INFORMATION GIVEN →
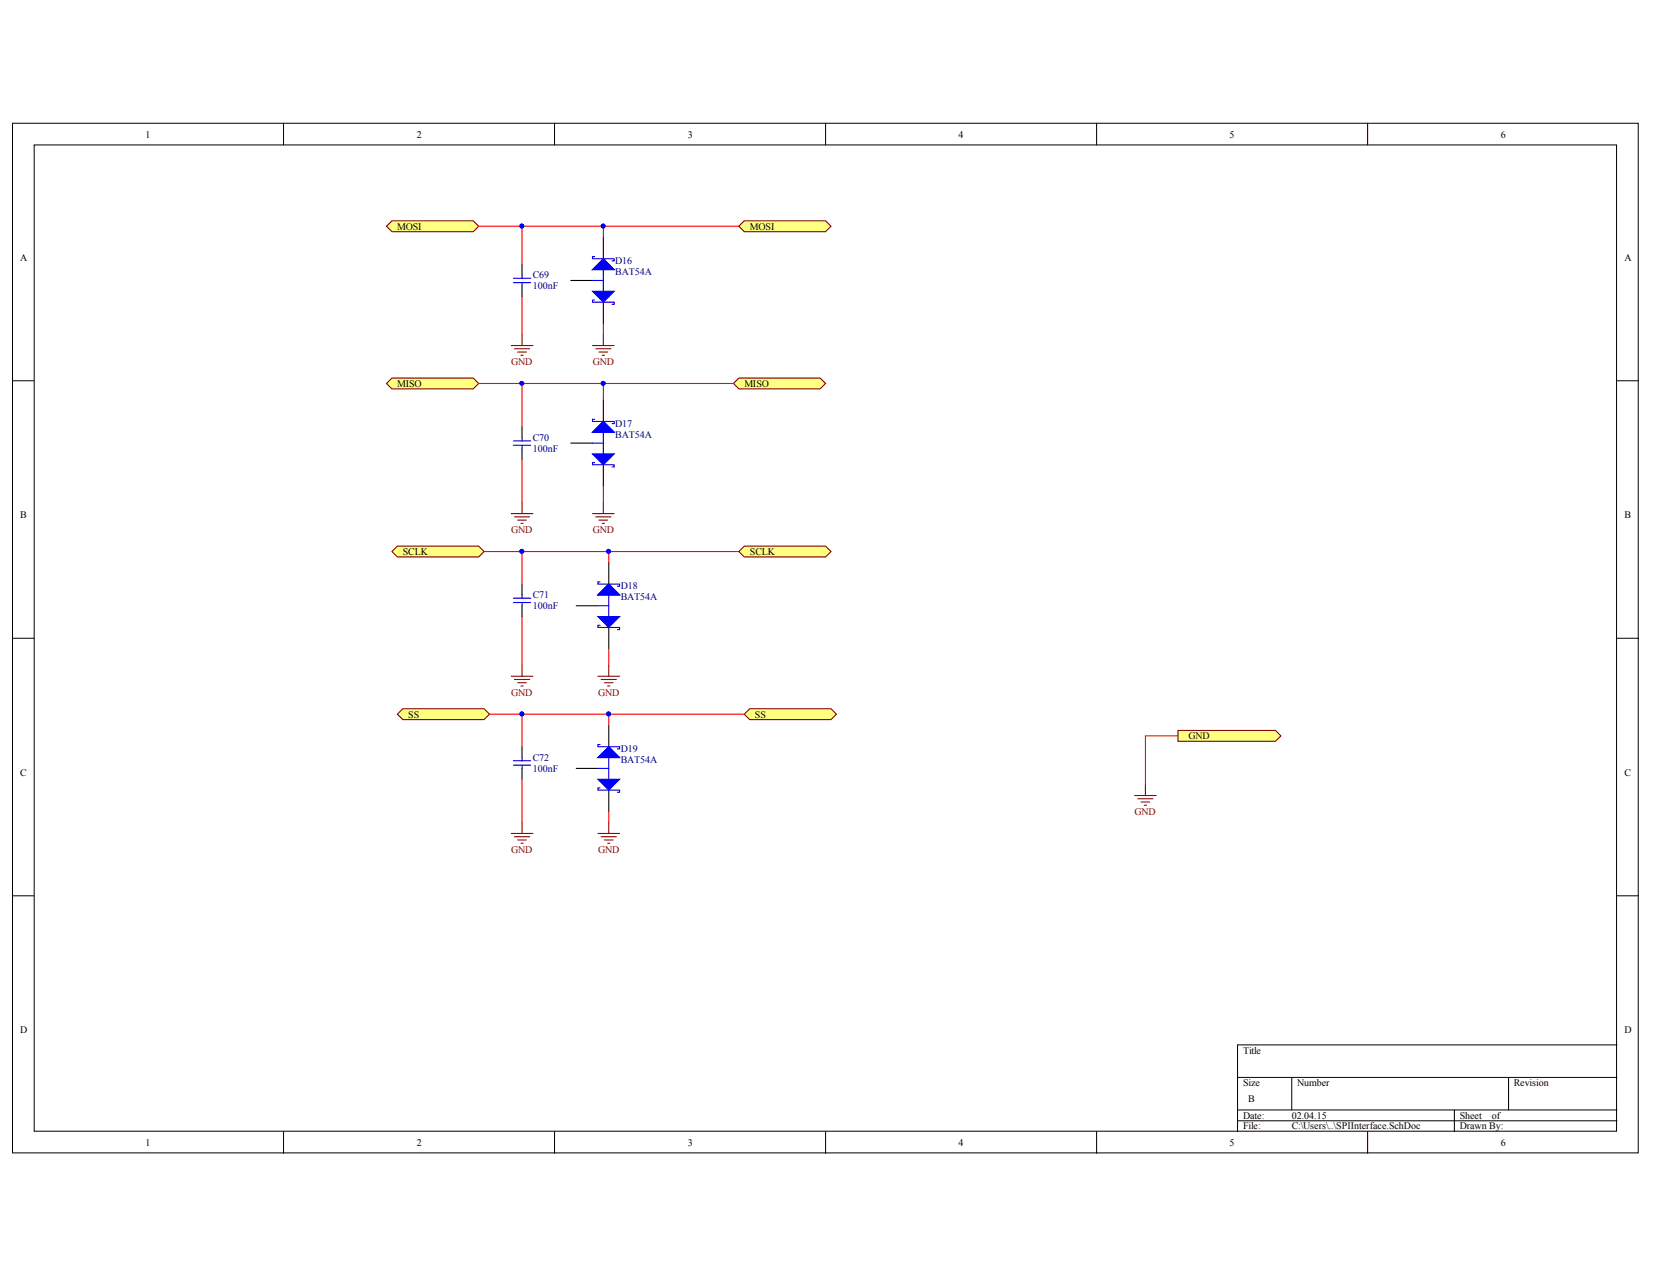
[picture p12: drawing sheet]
<svg xmlns="http://www.w3.org/2000/svg" width="279mm" height="216mm" viewBox="0 0 279 216" stroke-linecap="round" stroke-linejoin="round" font-family="sans-serif">
<defs><g id="words">
<g font-size="1.7">
<text x="24.6" y="23.2">1</text>
<text x="70.4" y="23.2">2</text>
<text x="116.3" y="23.2">3</text>
<text x="162" y="23.2">4</text>
<text x="207.8" y="23.2">5</text>
<text x="253.7" y="23.2">6</text>
<text x="67.1" y="38.8">MOSI</text>
<text x="126.8" y="38.8">MOSI</text>
<text x="3.4" y="44">A</text>
<text x="274.6" y="44">A</text>
<text x="67.1" y="65.3">MISO</text>
<text x="125.8" y="65.3">MISO</text>
<text x="3.4" y="87.6">B</text>
<text x="274.6" y="87.6">B</text>
<text x="68.1" y="93.7">SCLK</text>
<text x="126.8" y="93.7">SCLK</text>
<text x="69" y="121.2">SS</text>
<text x="127.6" y="121.2">SS</text>
<text x="200.9" y="124.9">GND</text>
<text x="3.4" y="131">C</text>
<text x="274.6" y="131">C</text>
<text x="3.4" y="174.6">D</text>
<text x="210.1" y="178">Title</text>
<text x="274.6" y="174.6">D</text>
<text x="210.1" y="183.5">Size</text>
<text x="219.3" y="183.5">Number</text>
<text x="255.9" y="183.5">Revision</text>
<text x="210.1" y="189">Date:</text>
<text x="210.1" y="190.8">File:</text>
<text x="211" y="186.2">B</text>
<text x="218.3" y="189">02.04.15</text>
<text x="218.3" y="190.8">C:\Users\..\SPIInterface.SchDoc</text>
<text x="246.7" y="189">Sheet</text>
<text x="246.7" y="190.8">Drawn By:</text>
<text x="252.2" y="189">of</text>
<text x="24.6" y="193.6">1</text>
<text x="70.4" y="193.6">2</text>
<text x="116.3" y="193.6">3</text>
<text x="162" y="193.6">4</text>
<text x="207.8" y="193.6">5</text>
<text x="253.7" y="193.6">6</text>
</g>
<g font-size="1.7" fill="#000080">
<text x="90.1" y="47">C69</text>
<text x="104" y="44.6">D16</text>
<text x="104" y="46.5">BAT54A</text>
<text x="90.1" y="48.9">100nF</text>
<text x="90.1" y="76.3">100nF</text>
<text x="90.1" y="74.5">C70</text>
<text x="104" y="72.1">D17</text>
<text x="104" y="74">BAT54A</text>
<text x="90.1" y="101.1">C71</text>
<text x="104.9" y="99.6">D18</text>
<text x="104.9" y="101.4">BAT54A</text>
<text x="90.1" y="102.9">100nF</text>
<text x="90.1" y="130.3">100nF</text>
<text x="90.1" y="128.6">C72</text>
<text x="104.9" y="127">D19</text>
<text x="104.9" y="128.9">BAT54A</text>
</g>
<g font-size="1.7" fill="#800000">
<text x="86.4" y="61.7">GND</text>
<text x="100.2" y="61.7">GND</text>
<text x="86.4" y="90.1">GND</text>
<text x="100.2" y="90.1">GND</text>
<text x="86.4" y="117.6">GND</text>
<text x="101.1" y="117.6">GND</text>
<text x="191.8" y="137.7">GND</text>
<text x="86.4" y="144.1">GND</text>
<text x="101.1" y="144.1">GND</text>
</g>
</g></defs>
<g fill="#fff" stroke="#000" stroke-width=".17">
<path d="M2.1 20.8h274.8v174h-274.8z"/>
<path d="M5.8 24.5h267.4v166.6h-267.4z"/>
</g>
<g fill="none" stroke="#000" stroke-width=".17">
<path d="M47.9 20.8v3.7M93.7 20.8v3.7M139.5 20.8v3.7M185.4 20.8v3.7M231.2 20.8v3.7M2.1 64.3h3.7M273.3 64.3h3.7M2.1 107.8h3.7M273.3 107.8h3.7M2.1 151.3h3.7M273.3 151.3h3.7M273.3 176.5h-64.1v14.7"/>
<path d="M47.9 191.2v3.6M93.7 191.2v3.6M139.5 191.2v3.6M185.4 191.2v3.6M209.2 182h64.1M209.2 187.5h64.1M209.2 189.3h64.1M218.3 182v5.5M231.2 191.2v3.6M245.8 187.5v3.7M255 182v5.5"/>
</g>
<path d="M97.4 129.8h3.7M102.9 122.5v3.6M102.9 133.5v3.6" fill="none" stroke="#000" stroke-width=".18"/>
<g fill="#00f" stroke="#00f" stroke-width=".18">
<path d="M101.1 131.6h3.6l-1.8 1.9z"/>
<path d="M101.1 128l1.8-1.9 1.8 1.9z"/>
</g>
<path d="M101.1 129.8h1.8M101.4 133.1h-.3v.4h3.6v.3h-.3M101.4 125.8h-.3v.3h3.6v.4h-.3M102.9 128v3.6" fill="none" stroke="#00f" stroke-width=".18"/>
<path d="M199.1 123.4h16.5l.9 .9-.9 .9h-16.5z" fill-rule="evenodd" fill="#ffff80" stroke="#800000" stroke-width=".18"/>
<path d="M191.8 134.4h3.6M192.3 134.9h2.6M192.9 135.5h1.4M193.4 136h.4M193.6 132.6v1.8" fill="none" stroke="#800000" stroke-width=".18"/>
<g fill="#ffff80" stroke="#800000" stroke-width=".18">
<path d="M65.3 38.2l.9-.9h13.8l.9 .9-.9 .9h-13.8z" fill-rule="evenodd"/>
<path d="M65.3 64.8l.9-.9h13.8l.9 .9-.9 .9h-13.8z" fill-rule="evenodd"/>
<path d="M66.2 93.2l1-.9h13.7l.9 .9-.9 .9h-13.7z" fill-rule="evenodd"/>
<path d="M67.2 120.7l.9-1h13.7l.9 1-.9 .9h-13.7z" fill-rule="evenodd"/>
<path d="M124.9 38.2l.9-.9h13.7l1 .9-1 .9h-13.7z" fill-rule="evenodd"/>
<path d="M124 64.8l.9-.9h13.7l.9 .9-.9 .9h-13.7z" fill-rule="evenodd"/>
<path d="M124.9 93.2l.9-.9h13.7l1 .9-1 .9h-13.7z" fill-rule="evenodd"/>
<path d="M125.8 120.7l.9-1h13.8l.9 1-.9 .9h-13.8z" fill-rule="evenodd"/>
</g>
<g fill="none" stroke="#800000" stroke-width=".18">
<path d="M86.4 58.4h3.7M87 58.9h2.5M87.5 59.5h1.5M88.2 56.5v1.9M100.1 58.4h3.7M100.7 58.9h2.6M101.2 59.5h1.5M102 56.5v1.9M88.1 60h.3M101.8 60h.4M86.4 86.8h3.7M87 87.3h2.5"/>
<path d="M87.5 87.9h1.5M88.1 88.4h.3M88.2 84.9v1.9M100.1 86.8h3.7M100.7 87.3h2.6M101.2 87.9h1.5M101.8 88.4h.4M102 84.9v1.9M86.4 114.2h3.7M87 114.8h2.5M87.5 115.3h1.5M88.1 115.9h.3"/>
<path d="M88.2 112.4v1.8M101.1 114.2h3.6M101.6 114.8h2.6M102.2 115.3h1.4M102.7 115.9h.4M102.9 112.4v1.8M88.2 139v1.8M102.9 139v1.8M86.4 140.8h3.7M87 141.4h2.5M87.5 141.9h1.5M88.1 142.5h.3"/>
<path d="M101.1 140.8h3.6M101.6 141.4h2.6M102.2 141.9h1.4M102.7 142.5h.4"/>
</g>
<g fill="none" stroke="#000" stroke-width=".18">
<path d="M88.2 44.6v1.9M88.2 48.3v1.8M96.5 47.4h3.6M102 40.1v3.6M102 51v3.7M88.2 72.1v1.8M88.2 75.8v1.8M96.5 74.9h3.6M102 67.5v3.7M102 78.5v3.7M88.2 98.7v1.8M102.9 95v3.7"/>
<path d="M88.2 102.3v1.9M97.4 102.3h3.7M102.9 106v3.7M88.2 126.1v1.9M88.2 129.8v1.8"/>
</g>
<g fill="#00f" stroke="#00f" stroke-width=".18">
<path d="M101.1 104.2h3.6l-1.8 1.8z"/>
<path d="M101.1 100.5l1.8-1.8 1.8 1.8z"/>
<path d="M100.1 76.7h3.7l-1.8 1.8z"/>
<path d="M100.1 73l1.9-1.8 1.8 1.8z"/>
<path d="M100.1 49.2h3.7l-1.8 1.8z"/>
<path d="M100.1 45.6l1.9-1.9 1.8 1.9z"/>
</g>
<g fill="none" stroke="#00f" stroke-width=".18">
<path d="M86.8 47h2.9M86.8 47.7h2.9M88.2 46.5v.5M88.2 47.7v.6M100.1 47.4h1.9M100.5 50.7h-.4v.3h3.7v.4h-.4M100.5 43.4h-.4v.3h3.7v.4h-.4M102 45.6v3.6M86.8 74.5h2.9M86.8 75.2h2.9M88.2 73.9v.6M88.2 75.2v.6"/>
<path d="M100.1 74.9h1.9M100.5 78.2h-.4v.3h3.7v.4h-.4M100.5 70.8h-.4v.4h3.7v.4h-.4M102 73v3.7M101.4 98.3h-.3v.4h3.6v.3h-.3M86.8 101.1h2.9M86.8 101.8h2.9M88.2 100.5v.6M88.2 101.8v.5M101.1 102.3h1.8M101.4 105.6h-.3v.4h3.6v.4h-.3M102.9 100.5v3.7"/>
<path d="M86.8 128.5h2.9M86.8 129.3h2.9M88.2 128v.5M88.2 129.3v.5"/>
</g>
<g fill="none" stroke="#f00" stroke-width=".18">
<path d="M80.9 38.2h44M88.2 38.2v6.4M102 38.2v1.9M88.2 50.1v6.4M102 54.7v1.8M80.9 64.8h43.1M88.2 64.8v7.3M88.2 77.6v7.3M102 64.8v2.7M81.8 93.2h43.1M88.2 93.2v5.5M102 82.2v2.7"/>
<path d="M102.9 93.2v1.8M88.2 104.2v8.2M102.9 109.7v2.7M82.7 120.7h43.1M88.2 120.7v5.4M88.2 131.6v7.4M102.9 120.7v1.8M102.9 137.1v1.9M199.1 124.3h-5.5v8.3"/>
</g>
<g fill="#00f" stroke="#00f" stroke-width=".17">
<circle cx="102.9" cy="120.6" r=".33"/>
<circle cx="102.9" cy="93.1" r=".33"/>
<circle cx="101.9" cy="64.8" r=".33"/>
<circle cx="101.9" cy="38.2" r=".33"/>
<circle cx="88.2" cy="38.2" r=".33"/>
<circle cx="88.2" cy="64.8" r=".33"/>
<circle cx="88.2" cy="93.1" r=".33"/>
<circle cx="88.2" cy="120.6" r=".33"/>
</g>
<use href="#words"/>
</svg>

TASK TO COMPLETE → The lines that contain the word "MOSI" are wanted; copy each of them from the records.

OUTPUT FOR THIS EXERCISE →
<text x="67.1" y="38.8">MOSI</text>
<text x="126.8" y="38.8">MOSI</text>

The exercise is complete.